> [Extracted records]
[Start of section]

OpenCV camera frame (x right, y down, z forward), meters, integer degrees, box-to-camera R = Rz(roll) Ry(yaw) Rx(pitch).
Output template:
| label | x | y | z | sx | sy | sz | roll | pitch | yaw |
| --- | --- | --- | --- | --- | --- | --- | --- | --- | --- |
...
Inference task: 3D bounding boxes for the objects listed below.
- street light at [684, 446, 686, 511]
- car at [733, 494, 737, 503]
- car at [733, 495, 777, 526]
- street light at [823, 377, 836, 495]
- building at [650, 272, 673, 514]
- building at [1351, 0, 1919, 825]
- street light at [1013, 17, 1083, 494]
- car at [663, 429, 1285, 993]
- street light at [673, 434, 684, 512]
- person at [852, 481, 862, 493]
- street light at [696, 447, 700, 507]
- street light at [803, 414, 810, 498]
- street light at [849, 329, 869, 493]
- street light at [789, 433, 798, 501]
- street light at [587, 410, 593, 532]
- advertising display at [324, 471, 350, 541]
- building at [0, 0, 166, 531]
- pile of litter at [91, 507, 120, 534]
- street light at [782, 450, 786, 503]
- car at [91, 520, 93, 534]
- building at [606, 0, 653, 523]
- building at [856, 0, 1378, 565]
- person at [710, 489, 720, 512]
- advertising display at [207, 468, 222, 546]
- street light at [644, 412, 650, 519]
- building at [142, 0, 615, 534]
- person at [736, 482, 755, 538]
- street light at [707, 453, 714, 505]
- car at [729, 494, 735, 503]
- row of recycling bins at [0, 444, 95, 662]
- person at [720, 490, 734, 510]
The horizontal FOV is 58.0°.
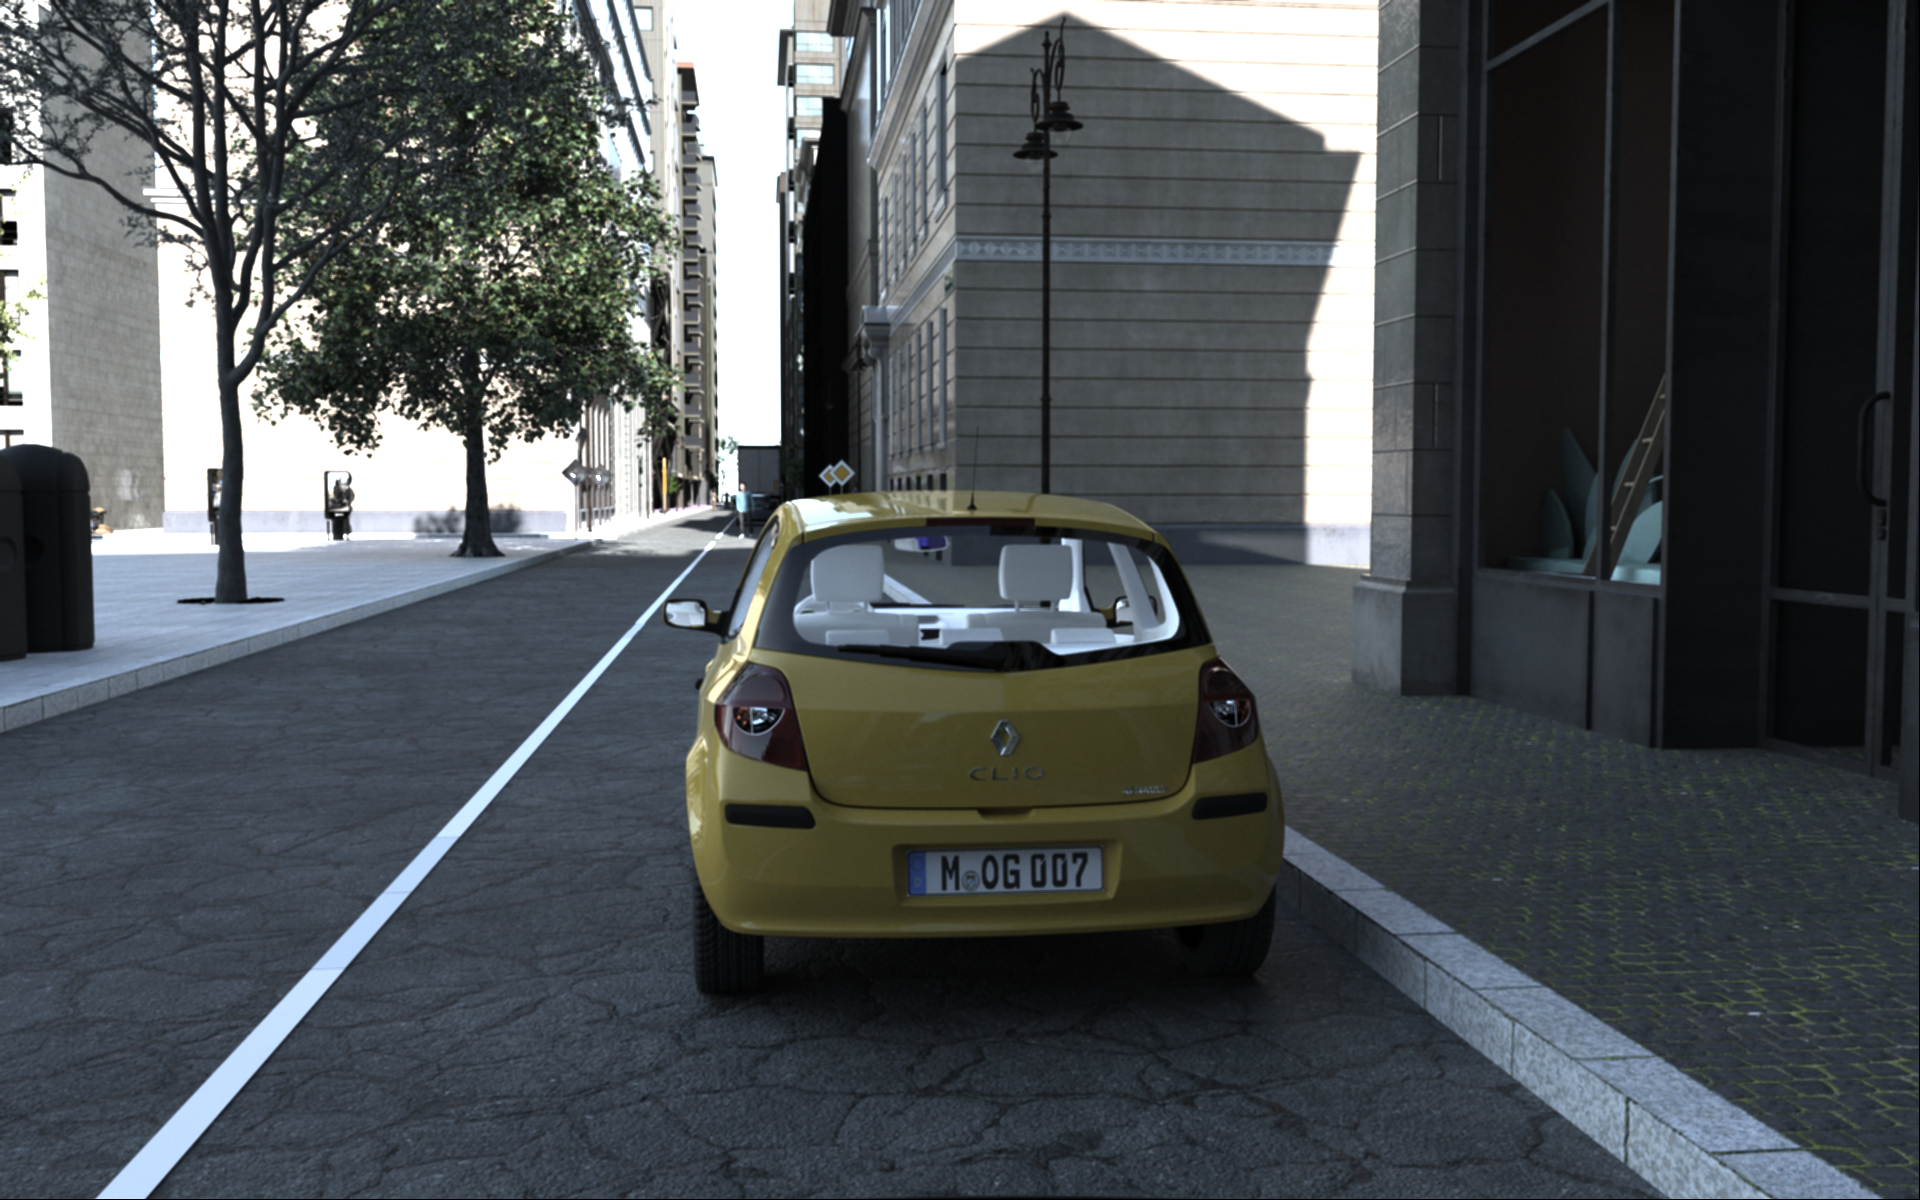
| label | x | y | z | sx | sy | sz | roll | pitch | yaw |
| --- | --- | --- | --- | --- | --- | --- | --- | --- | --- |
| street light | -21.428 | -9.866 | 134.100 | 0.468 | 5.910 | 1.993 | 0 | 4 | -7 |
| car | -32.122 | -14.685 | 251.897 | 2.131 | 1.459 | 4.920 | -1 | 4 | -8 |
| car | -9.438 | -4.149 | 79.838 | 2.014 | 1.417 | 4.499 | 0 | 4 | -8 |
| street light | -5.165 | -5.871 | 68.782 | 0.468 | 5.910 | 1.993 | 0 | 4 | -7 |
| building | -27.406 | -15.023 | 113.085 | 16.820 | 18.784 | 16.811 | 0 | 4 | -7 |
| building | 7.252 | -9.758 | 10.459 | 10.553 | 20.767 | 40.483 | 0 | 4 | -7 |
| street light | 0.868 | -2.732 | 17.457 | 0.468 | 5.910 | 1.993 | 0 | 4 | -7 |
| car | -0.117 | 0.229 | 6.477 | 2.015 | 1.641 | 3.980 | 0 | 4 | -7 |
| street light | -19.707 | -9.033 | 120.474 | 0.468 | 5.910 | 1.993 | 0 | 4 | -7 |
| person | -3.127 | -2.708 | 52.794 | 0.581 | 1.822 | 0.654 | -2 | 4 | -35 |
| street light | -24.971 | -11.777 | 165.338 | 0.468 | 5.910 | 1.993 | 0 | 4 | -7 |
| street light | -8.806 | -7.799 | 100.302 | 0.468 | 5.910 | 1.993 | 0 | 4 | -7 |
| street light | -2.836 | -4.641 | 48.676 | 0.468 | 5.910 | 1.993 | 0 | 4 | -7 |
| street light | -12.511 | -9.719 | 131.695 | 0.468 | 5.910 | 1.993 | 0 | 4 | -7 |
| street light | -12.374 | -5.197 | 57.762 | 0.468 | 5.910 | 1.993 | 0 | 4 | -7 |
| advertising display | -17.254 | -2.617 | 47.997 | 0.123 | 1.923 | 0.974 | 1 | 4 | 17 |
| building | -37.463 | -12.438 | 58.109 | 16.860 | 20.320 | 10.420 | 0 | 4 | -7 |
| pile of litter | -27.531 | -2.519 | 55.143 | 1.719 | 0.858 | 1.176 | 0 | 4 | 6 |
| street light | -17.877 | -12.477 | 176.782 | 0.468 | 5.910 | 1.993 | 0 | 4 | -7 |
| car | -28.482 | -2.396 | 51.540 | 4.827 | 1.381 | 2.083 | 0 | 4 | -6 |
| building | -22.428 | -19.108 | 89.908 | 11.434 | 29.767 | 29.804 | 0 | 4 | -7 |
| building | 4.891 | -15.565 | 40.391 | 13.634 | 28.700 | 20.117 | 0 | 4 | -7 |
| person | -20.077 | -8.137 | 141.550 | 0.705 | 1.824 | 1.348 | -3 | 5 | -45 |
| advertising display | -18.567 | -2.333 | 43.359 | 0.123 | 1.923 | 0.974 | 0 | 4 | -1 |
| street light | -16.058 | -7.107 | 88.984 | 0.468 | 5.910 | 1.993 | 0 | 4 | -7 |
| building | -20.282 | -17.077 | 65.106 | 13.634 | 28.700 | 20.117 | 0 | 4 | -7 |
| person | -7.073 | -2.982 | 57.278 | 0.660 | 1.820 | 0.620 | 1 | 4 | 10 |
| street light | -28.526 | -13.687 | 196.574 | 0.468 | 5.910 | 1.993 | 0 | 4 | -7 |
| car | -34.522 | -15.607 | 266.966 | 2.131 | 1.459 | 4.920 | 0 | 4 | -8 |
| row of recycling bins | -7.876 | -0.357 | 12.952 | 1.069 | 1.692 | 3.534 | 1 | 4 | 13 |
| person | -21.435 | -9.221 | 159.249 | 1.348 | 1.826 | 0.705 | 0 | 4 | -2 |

[End of section]

> [Exercise aim] Write out the data above in full and exactly, but not the pictures.

> [Output]
OpenCV camera frame (x right, y down, z forward), meters, integer degrees, box-to-camera R = Rz(roll) Ry(yaw) Rx(pitch).
Output template:
| label | x | y | z | sx | sy | sz | roll | pitch | yaw |
| --- | --- | --- | --- | --- | --- | --- | --- | --- | --- |
...
Inference task: 3D bounding boxes for the objects listed below.
- street light at [684, 446, 686, 511]
- car at [733, 494, 737, 503]
- car at [733, 495, 777, 526]
- street light at [823, 377, 836, 495]
- building at [650, 272, 673, 514]
- building at [1351, 0, 1919, 825]
- street light at [1013, 17, 1083, 494]
- car at [663, 429, 1285, 993]
- street light at [673, 434, 684, 512]
- person at [852, 481, 862, 493]
- street light at [696, 447, 700, 507]
- street light at [803, 414, 810, 498]
- street light at [849, 329, 869, 493]
- street light at [789, 433, 798, 501]
- street light at [587, 410, 593, 532]
- advertising display at [324, 471, 350, 541]
- building at [0, 0, 166, 531]
- pile of litter at [91, 507, 120, 534]
- street light at [782, 450, 786, 503]
- car at [91, 520, 93, 534]
- building at [606, 0, 653, 523]
- building at [856, 0, 1378, 565]
- person at [710, 489, 720, 512]
- advertising display at [207, 468, 222, 546]
- street light at [644, 412, 650, 519]
- building at [142, 0, 615, 534]
- person at [736, 482, 755, 538]
- street light at [707, 453, 714, 505]
- car at [729, 494, 735, 503]
- row of recycling bins at [0, 444, 95, 662]
- person at [720, 490, 734, 510]
The horizontal FOV is 58.0°.
| label | x | y | z | sx | sy | sz | roll | pitch | yaw |
| --- | --- | --- | --- | --- | --- | --- | --- | --- | --- |
| street light | -21.428 | -9.866 | 134.100 | 0.468 | 5.910 | 1.993 | 0 | 4 | -7 |
| car | -32.122 | -14.685 | 251.897 | 2.131 | 1.459 | 4.920 | -1 | 4 | -8 |
| car | -9.438 | -4.149 | 79.838 | 2.014 | 1.417 | 4.499 | 0 | 4 | -8 |
| street light | -5.165 | -5.871 | 68.782 | 0.468 | 5.910 | 1.993 | 0 | 4 | -7 |
| building | -27.406 | -15.023 | 113.085 | 16.820 | 18.784 | 16.811 | 0 | 4 | -7 |
| building | 7.252 | -9.758 | 10.459 | 10.553 | 20.767 | 40.483 | 0 | 4 | -7 |
| street light | 0.868 | -2.732 | 17.457 | 0.468 | 5.910 | 1.993 | 0 | 4 | -7 |
| car | -0.117 | 0.229 | 6.477 | 2.015 | 1.641 | 3.980 | 0 | 4 | -7 |
| street light | -19.707 | -9.033 | 120.474 | 0.468 | 5.910 | 1.993 | 0 | 4 | -7 |
| person | -3.127 | -2.708 | 52.794 | 0.581 | 1.822 | 0.654 | -2 | 4 | -35 |
| street light | -24.971 | -11.777 | 165.338 | 0.468 | 5.910 | 1.993 | 0 | 4 | -7 |
| street light | -8.806 | -7.799 | 100.302 | 0.468 | 5.910 | 1.993 | 0 | 4 | -7 |
| street light | -2.836 | -4.641 | 48.676 | 0.468 | 5.910 | 1.993 | 0 | 4 | -7 |
| street light | -12.511 | -9.719 | 131.695 | 0.468 | 5.910 | 1.993 | 0 | 4 | -7 |
| street light | -12.374 | -5.197 | 57.762 | 0.468 | 5.910 | 1.993 | 0 | 4 | -7 |
| advertising display | -17.254 | -2.617 | 47.997 | 0.123 | 1.923 | 0.974 | 1 | 4 | 17 |
| building | -37.463 | -12.438 | 58.109 | 16.860 | 20.320 | 10.420 | 0 | 4 | -7 |
| pile of litter | -27.531 | -2.519 | 55.143 | 1.719 | 0.858 | 1.176 | 0 | 4 | 6 |
| street light | -17.877 | -12.477 | 176.782 | 0.468 | 5.910 | 1.993 | 0 | 4 | -7 |
| car | -28.482 | -2.396 | 51.540 | 4.827 | 1.381 | 2.083 | 0 | 4 | -6 |
| building | -22.428 | -19.108 | 89.908 | 11.434 | 29.767 | 29.804 | 0 | 4 | -7 |
| building | 4.891 | -15.565 | 40.391 | 13.634 | 28.700 | 20.117 | 0 | 4 | -7 |
| person | -20.077 | -8.137 | 141.550 | 0.705 | 1.824 | 1.348 | -3 | 5 | -45 |
| advertising display | -18.567 | -2.333 | 43.359 | 0.123 | 1.923 | 0.974 | 0 | 4 | -1 |
| street light | -16.058 | -7.107 | 88.984 | 0.468 | 5.910 | 1.993 | 0 | 4 | -7 |
| building | -20.282 | -17.077 | 65.106 | 13.634 | 28.700 | 20.117 | 0 | 4 | -7 |
| person | -7.073 | -2.982 | 57.278 | 0.660 | 1.820 | 0.620 | 1 | 4 | 10 |
| street light | -28.526 | -13.687 | 196.574 | 0.468 | 5.910 | 1.993 | 0 | 4 | -7 |
| car | -34.522 | -15.607 | 266.966 | 2.131 | 1.459 | 4.920 | 0 | 4 | -8 |
| row of recycling bins | -7.876 | -0.357 | 12.952 | 1.069 | 1.692 | 3.534 | 1 | 4 | 13 |
| person | -21.435 | -9.221 | 159.249 | 1.348 | 1.826 | 0.705 | 0 | 4 | -2 |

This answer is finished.